Handling reliability improves with in situ diagnostics
10/01/2004
Wafer-handling systems in semiconductor process equipment can significantly limit overall tool reliability. Lack of objective, real-time measurements for mechanical performance and calibration of handlers can lead to unpredictable behavior and tool downtime. Applying in situ diagnostic tools to automate robot calibration and gathering meaningful performance statistics improved wafer-handling reliability and tool productivity.
Poor reliability of wafer-handling systems in IC processing tools can significantly inhibit overall tool performance and reliability in manufacturing plants. Failures due to wafer-handling systems have significant mean time to repair (MTTR), resulting in expensive tool downtime.
Fab tool data collected by a major integrated device manufacturer (IDM) show significant productivity loss due to downtime from wafer-handling failures. The IDM monitored data from several ion implantation systems over one year's time and found tools experiencing a mean time between failures (MTBF) of 155 hrs, with wafer handling the primary cause of tool downtime. The MTTR for these failures was 5.25 hrs [1]. In addition, these tools were typically down three to four times per event due to the difficulty of correctly performing diagnosis and repair.
Based on the chipmaker's data, more than 90% of failures were caused by improper placement of the wafer in the robot's end effector, resulting in broken product wafers during transfer and handling. The problems were usually addressed by the replacement of wafer-handling components or manually recalibrating the handler. Overall, <10% of the root causes for failures were clearly identified, according to the device manufacturer.
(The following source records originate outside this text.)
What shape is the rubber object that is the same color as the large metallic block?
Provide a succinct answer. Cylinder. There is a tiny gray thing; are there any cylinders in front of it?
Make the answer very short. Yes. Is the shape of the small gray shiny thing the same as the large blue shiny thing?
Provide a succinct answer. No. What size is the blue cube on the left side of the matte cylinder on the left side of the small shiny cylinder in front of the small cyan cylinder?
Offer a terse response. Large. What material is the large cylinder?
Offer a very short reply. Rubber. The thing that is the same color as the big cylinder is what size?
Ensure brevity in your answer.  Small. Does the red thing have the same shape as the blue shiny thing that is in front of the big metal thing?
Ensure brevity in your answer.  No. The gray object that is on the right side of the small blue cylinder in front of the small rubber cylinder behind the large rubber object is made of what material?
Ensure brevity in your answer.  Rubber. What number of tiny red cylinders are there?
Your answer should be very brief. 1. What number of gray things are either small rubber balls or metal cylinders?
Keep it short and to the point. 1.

The problems often were incorrectly identified as failed system components, including motors, cabling, or the robot itself.
Recent studies indicate that a number of operands in the reliability equation can be increased with deployment of in situ diagnostic tools in wafer-handling systems, resulting in higher MTBFp (mean productivity time between failures) and higher MCBF (mean cycles between failures), based on Semi E10-0701 guidelines.
Failure without warning
On the surface, current wafer-handling systems exhibit a binary behavior — they either work or they fail. In reality, these systems can successfully perform operations even while calibration and health of their critical wafer-handling devices are degrading. There are no objective measurements of how well handling components are calibrated or how consistently electromechanical elements operate compared to a "known good" baseline. As they approach critical failures, unexplainable intermittent problems may occur.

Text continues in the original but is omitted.